The work is a part of the freshman science for girls which consists of botany and physiology. Nominally they are separate but virtually the botany and physiology are closely related parts of the same course-a course in the study of life. Botany precedes human physiology, because a knowledge of the processes of life may be more easily approached through a study of plants. One of the difficulties of teaching a science in the freshman year is the lack of a scientific vocabulary. The pupil who has been studying botany comes to physiology with the necessary terms acquired, in part, and used in the two relationships they have a fullness of meaning not possible when learned only in connection with one subject.
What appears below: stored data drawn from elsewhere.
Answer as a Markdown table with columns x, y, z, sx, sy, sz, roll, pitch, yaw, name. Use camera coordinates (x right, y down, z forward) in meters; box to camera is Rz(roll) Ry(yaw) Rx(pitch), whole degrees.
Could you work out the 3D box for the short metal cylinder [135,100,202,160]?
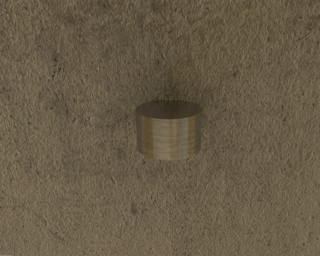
| x | y | z | sx | sy | sz | roll | pitch | yaw | name |
| --- | --- | --- | --- | --- | --- | --- | --- | --- | --- |
| 0.011 | 0.000 | 0.382 | 0.081 | 0.080 | 0.050 | -1 | 110 | 0 | short metal cylinder |
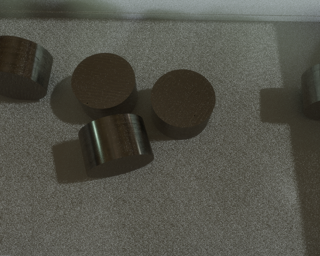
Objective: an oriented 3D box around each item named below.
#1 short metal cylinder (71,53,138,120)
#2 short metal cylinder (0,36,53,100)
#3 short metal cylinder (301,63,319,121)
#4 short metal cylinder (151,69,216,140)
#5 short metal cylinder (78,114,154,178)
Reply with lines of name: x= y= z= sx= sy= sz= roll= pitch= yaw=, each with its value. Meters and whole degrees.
short metal cylinder: x=-0.072 y=-0.053 z=0.415 sx=0.081 sy=0.050 sz=0.080 roll=0 pitch=70 yaw=0
short metal cylinder: x=-0.187 y=-0.076 z=0.406 sx=0.081 sy=0.080 sz=0.050 roll=3 pitch=70 yaw=1
short metal cylinder: x=0.228 y=-0.046 z=0.400 sx=0.081 sy=0.080 sz=0.050 roll=5 pitch=70 yaw=1
short metal cylinder: x=0.029 y=-0.030 z=0.408 sx=0.081 sy=0.050 sz=0.080 roll=0 pitch=70 yaw=0
short metal cylinder: x=-0.052 y=0.023 z=0.371 sx=0.081 sy=0.080 sz=0.050 roll=-15 pitch=71 yaw=-6

For example, after the study of cell breathing in plants the pupil easily gets the idea that respiration in the human organism is not simply "inhalation and exhalation" but is essentially the interchange of gases in every living cell in the body and that the lungs and circulatory system are necessary to breathing only because the body is such a complicated organism. As with the term "respiration" so it is with other terms as "digestion," "assimilation," "reproduction," and "living cell." They carry a more definite significance.

In a study of life a knowledge of the living cell is essential, and the best forms with which to teach its structure are the lowest. The pleurococcus is used to show that every living cell is filled with protoplasm organized into a nucleus and cytoplasm, Simple cell division also is taught with this plant. This simple cell division which consists of the division of the nucleus into two nuclei with the formation of a wall between to make two cells is the fundamental step after fertilization in all higher reproduction.